What the Angel of Humanity (if that is what it was) was saying, though, is that underneath these surface differences is an activity that goes beyond the commonality of shared aspirations or empathy. Rather than letting the differences in our specific needs and circumstances separate us, we can see more deeply and broadly into what is happening in our time. We can realize that we are all facing and struggling with a need to change and go beyond our current ways of treating each other and our world if we are all going have a livable future, much less realize the fullness of our human potential.
In December of 1963, the Rev. Dr. Martin Luther King, Jr. gave a talk at Western Michigan University on the theme of social justice and the emerging new age. In it he said:
“All I’m saying is simply this, that all life is interrelated, that somehow we’re caught in an inescapable network of mutuality tied in a single garment of destiny. Whatever affects one directly affects all indirectly. For some strange reason, I can never be what I ought to be until you are what you ought to be. You can never be what you ought to be until I am what I ought to be. This is the interrelated structure of reality.”
This thought by Dr. King catches the sense of what this Angel was implying, but there was more to it even than this. It was, I think, an invitation to see ourselves as revolutionaries in the context of seeking to overthrow oppressive and limiting thought forms and ways of thinking.
We, of course, are focused on the physical realm; it is the environment most apparent and immediate to all of us. But our colleagues and helpers in the spiritual realms deal with the invisible environment of subtle energies, thoughts and feelings.
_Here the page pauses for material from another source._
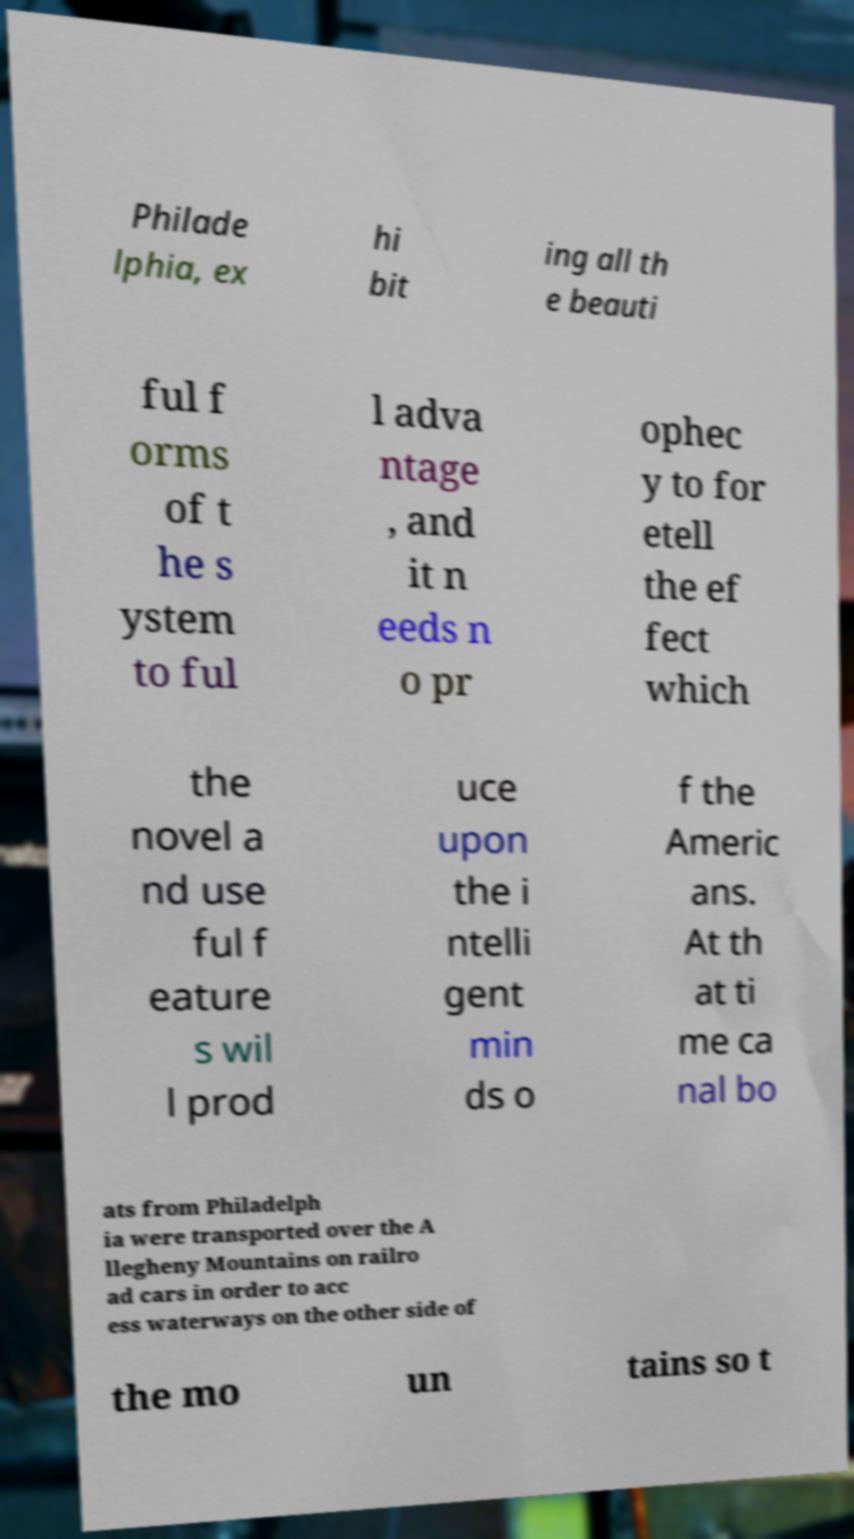What messages or text are displayed in this image? I need them in a readable, typed format. Philade lphia, ex hi bit ing all th e beauti ful f orms of t he s ystem to ful l adva ntage , and it n eeds n o pr ophec y to for etell the ef fect which the novel a nd use ful f eature s wil l prod uce upon the i ntelli gent min ds o f the Americ ans. At th at ti me ca nal bo ats from Philadelph ia were transported over the A llegheny Mountains on railro ad cars in order to acc ess waterways on the other side of the mo un tains so t

This environment can be every bit as oppressive as a tyrant; it can be every bit as harmful as a department of secret police. Certainly it can’t cause us physical pain and suffering, at least not directly, but it’s this environment that in its polluted and negative states gives rise to and energizes such physical phenomena such as tyrants and secret police, torture and terrorism, murder and mayhem. It’s this environment that can hold beliefs and thought forms that limit our conceptions of ourselves, that blind us to the wholeness of the earth, that make us doubt the goodness of the earth and the presence of the Sacred.
It is the oppression of this inner tyranny of ancient and outworn thoughts, emotions, habits, and beliefs that all of us, all of humanity, is now struggling against, like a butterfly trying to break out of a cocoon. We are all being called to make our way to the Tahrir Square of our minds and hearts, there to stand together and demand the old ways step down so a new humanity may emerge.
The world and we revolve around this pivot point of history in search of a new and better tomorrow, demanding creative and holistic change. The Revolution is upon us! What inner tyrannies will you overthrow today?